31. The system of claim 21, wherein the at least one artificial intelligence engine further comprises a second audio-based artificial intelligence engine configured to determine a mood of the user based on the voice input received therefrom.

32. The system of claim 21, wherein the master finite state machine is generated using a scripting language.

33. The system of claim 21, wherein the first audio-based artificial intelligence engine is configured to remap a given voice input to automate a set of tasks of the user-controllable device.

34. The system of claim 21, wherein the user-controllable device is an edge computing device.

35. The method for managing a user-controllable device, wherein the method is implemented using a system comprising at least one artificial intelligence engine comprising at least one audio-based artificial intelligence engine; and at least one processor implemented as a master finite state machine in software, the method comprising

providing a predefined set of operations in one of a plurality of states of the master finite state machine to the user;

receiving voice input from the user relating to one of an operation from the predefined set of operations;

determining at least one function of the user-controllable device based on the voice input from the user and state in which the voice input was received, using at least one artificial intelligence engine; and

performing the at least one function of the user-controllable device.
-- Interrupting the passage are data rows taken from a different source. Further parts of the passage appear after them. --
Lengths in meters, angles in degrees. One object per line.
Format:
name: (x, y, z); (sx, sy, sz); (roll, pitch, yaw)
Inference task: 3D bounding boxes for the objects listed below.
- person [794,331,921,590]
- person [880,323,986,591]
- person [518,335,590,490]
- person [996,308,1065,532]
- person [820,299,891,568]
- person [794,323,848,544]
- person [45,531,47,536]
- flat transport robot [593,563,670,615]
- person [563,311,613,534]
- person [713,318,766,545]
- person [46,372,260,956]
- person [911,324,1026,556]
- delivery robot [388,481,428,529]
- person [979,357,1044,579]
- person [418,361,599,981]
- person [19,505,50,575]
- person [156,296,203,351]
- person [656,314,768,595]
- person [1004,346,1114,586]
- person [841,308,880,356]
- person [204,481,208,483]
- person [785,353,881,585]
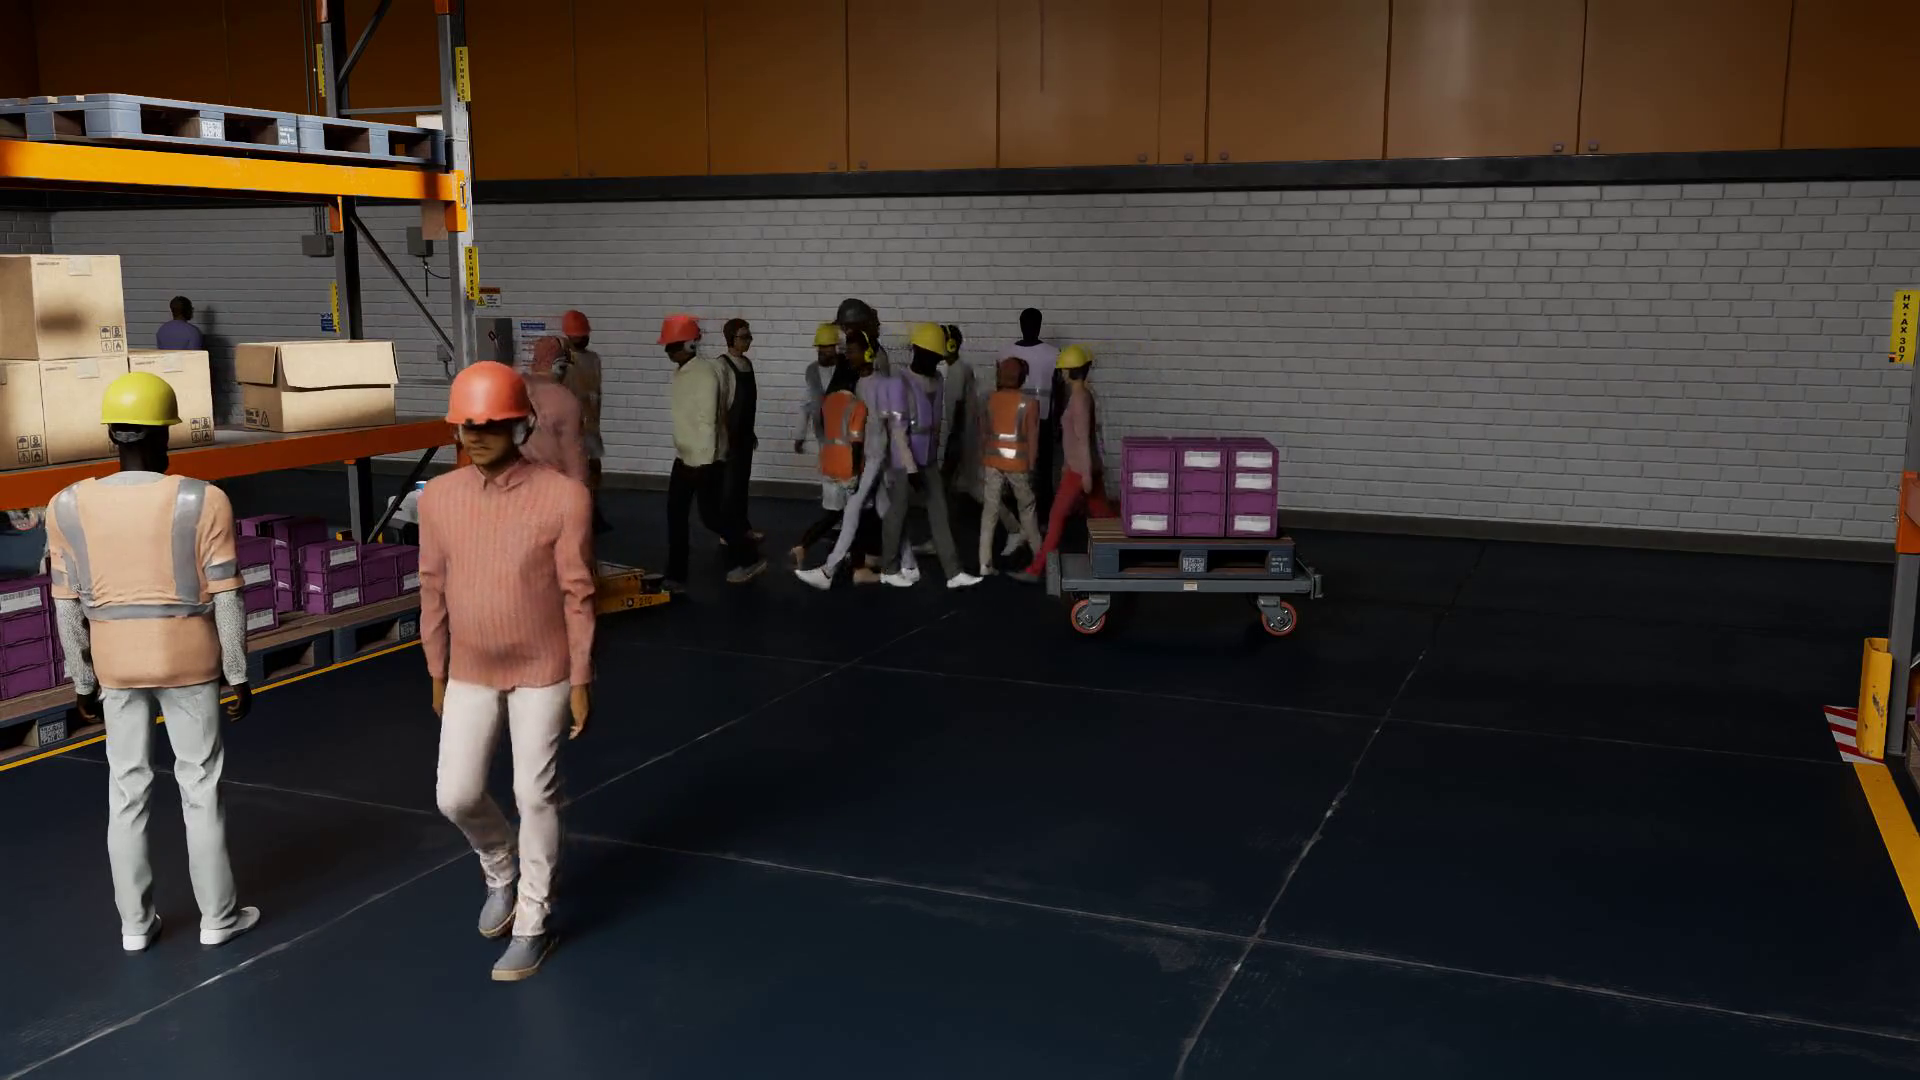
person: (-0.706, -0.554, 11.673); (0.993, 1.812, 0.557); (-4, 10, -24)
person: (-0.242, -0.559, 11.518); (0.924, 1.868, 0.593); (8, 12, 40)
person: (-2.454, -0.230, 9.553); (0.676, 1.875, 0.572); (5, 11, 30)
person: (0.602, -1.016, 14.184); (0.591, 1.915, 0.393); (2, 10, 11)
person: (-0.787, -0.814, 12.572); (0.538, 2.000, 0.687); (-3, 10, -18)
person: (-1.062, -0.861, 13.562); (0.633, 1.801, 0.727); (6, 11, 31)
person: (-6.137, -0.570, 11.432); (0.604, 1.933, 0.834); (-4, 10, -24)
flat transport robot: (-2.665, 0.285, 11.266); (1.431, 0.197, 0.652); (9, 13, 42)
person: (-3.164, -0.981, 14.027); (0.500, 1.896, 0.565); (7, 11, 35)
person: (-1.809, -0.878, 13.549); (0.335, 1.845, 0.513); (4, 10, 21)
person: (-2.639, 0.414, 5.478); (0.587, 1.928, 0.363); (-1, 9, -8)
person: (0.096, -0.773, 12.996); (0.904, 1.826, 0.571); (-1, 9, -5)
delivery robot: (-4.261, -0.225, 13.213); (0.477, 0.478, 0.707); (-8, 12, -40)
person: (0.400, -0.539, 12.240); (0.533, 1.594, 0.853); (6, 11, 31)
person: (-1.446, 0.415, 5.335); (0.616, 1.980, 0.439); (1, 9, 8)
person: (-5.610, -0.258, 10.508); (0.532, 1.594, 0.834); (3, 10, 17)
person: (-8.576, -1.729, 18.431); (0.631, 1.940, 0.372); (4, 10, 23)
person: (-1.744, -0.590, 11.515); (0.830, 1.954, 0.619); (-8, 12, -39)
person: (0.826, -0.507, 11.702); (0.949, 1.709, 0.534); (2, 10, 12)
person: (-0.818, -1.052, 14.423); (0.402, 1.906, 0.651); (-5, 11, -30)
person: (-5.365, -0.406, 11.395); (0.576, 1.599, 0.525); (-1, 9, -4)
person: (-0.869, -0.484, 11.677); (0.675, 1.670, 0.540); (-7, 12, -36)

36. The method of claim 35, wherein the method further comprises generating and maintaining a log file to record at least one of:

inputs/outputs to/of the master finite state machine;

inputs/outputs to/of the at least one artificial intelligence engine; and/or

multiple states of the master finite state machine.
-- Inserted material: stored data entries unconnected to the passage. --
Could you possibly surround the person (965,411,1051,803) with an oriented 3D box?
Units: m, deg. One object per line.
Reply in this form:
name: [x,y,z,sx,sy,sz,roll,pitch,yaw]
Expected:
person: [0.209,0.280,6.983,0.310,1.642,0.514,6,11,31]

37. The method of claim 35, wherein the at least one artificial intelligence engine further comprises at least one of: a video-based artificial intelligence engine, a sensor-based artificial intelligence engine.

38. The method of claim 37, wherein the method comprises receiving a video input to determine at least one function of the user-controllable device.

39. The method of any of the claim 15, wherein the method comprises providing the predefined set of operations and function selection on a visual overlayer on the user-controllable device.

40. The method of any of the claim 15, wherein the method comprises selectively activating the at least one artificial intelligence engine based upon a current state thereof.